Hemp is affected by soil and climate to a remarkable degree. It requires in all cases a strong soil, and if allowed to ripen its seeds is an exhausting crop. It does not do so well on new land; hence other crops are raised for a few years before growing hemp upon it. In this country the plant grows about 8 feet high, but in southern Europe it grows to 15 and even 20 feet. The most singular effect of climate upon the plant is seen when it is cultivated in India. There the plant produces a resinous matter which exudes upon the surface of the stems and leaves. This has powerful intoxicating qualities, and is the active principle of the hashish, used in the East to bring on a state of unconsciousness, accompanied by blissful dreams. The Indian Hemp was for a long time supposed to be a distinct species, but it is in no other respect different from the common plant, when sown in a northern climate, produce only ordinary hemp, without any of these marked properties.
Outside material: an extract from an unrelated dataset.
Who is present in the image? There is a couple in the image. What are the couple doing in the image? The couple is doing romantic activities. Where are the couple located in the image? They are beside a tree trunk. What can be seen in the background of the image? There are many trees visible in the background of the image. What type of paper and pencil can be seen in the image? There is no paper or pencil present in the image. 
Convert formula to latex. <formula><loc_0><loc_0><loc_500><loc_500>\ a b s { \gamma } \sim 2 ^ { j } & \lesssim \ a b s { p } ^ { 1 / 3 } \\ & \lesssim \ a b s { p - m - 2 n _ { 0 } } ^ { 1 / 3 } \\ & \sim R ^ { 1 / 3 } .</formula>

When cultivated for the fibre, the seed is often sown broadcast; but it is better to sow in drills, as the plants can be cultivated while young. They soon become large enough to keep down all weeds. From four to six pecks of seed to the acre is the usual quantity; but sometimes, when a fibre of unusual fineness is desired, two bushels are sown.
In raising Hemp-seed, the land is well manured, and the seed planted in hills three and a half feet apart each way, sowing a dozen or more seeds to the hill. The crop is cultivated with plow and hoes, the same as corn. At the first hoeing the number of plants is reduced to six in each hill, and at the last working, when the plants are about 18 inches high, they are thinned again, leaving only three in the hill. The hemp has staminate and pistillate, or male and female flowers, in different plants. One staminate plant, or "blossom plant," as the planters term it, produces sufficient pollen to fertilize several pistillate or "seed plants." As there is an excess of these, a share is pulled as soon as they can be distinguished. The difference in appearance between the two sexes is seen in figure 1. The pistillate flowers are in dense leafy clusters, while the staminate are in open panicles. These are more distinctly shown in figure 2. The usual method is to cut out all the staminate plants save one in every other hill in each alternate row. After those allowed to remain have shed their pollen, which may be known by their ceasing to yield a dust when shaken, they are to be pulled. When a share of the seeds are ripe, the plants may be cut or pulled, tied in convenient bundles, and placed in stooks until all are ripe, when they are threshed out with a flail. It is best to use a barn-sheet or other cloth upon which to lay the bundles while threshing. Hemp-seed contains about one-fifth of its weight of oil; the chief consumption of the seed, aside from that used for planting, is as a food for cage birds.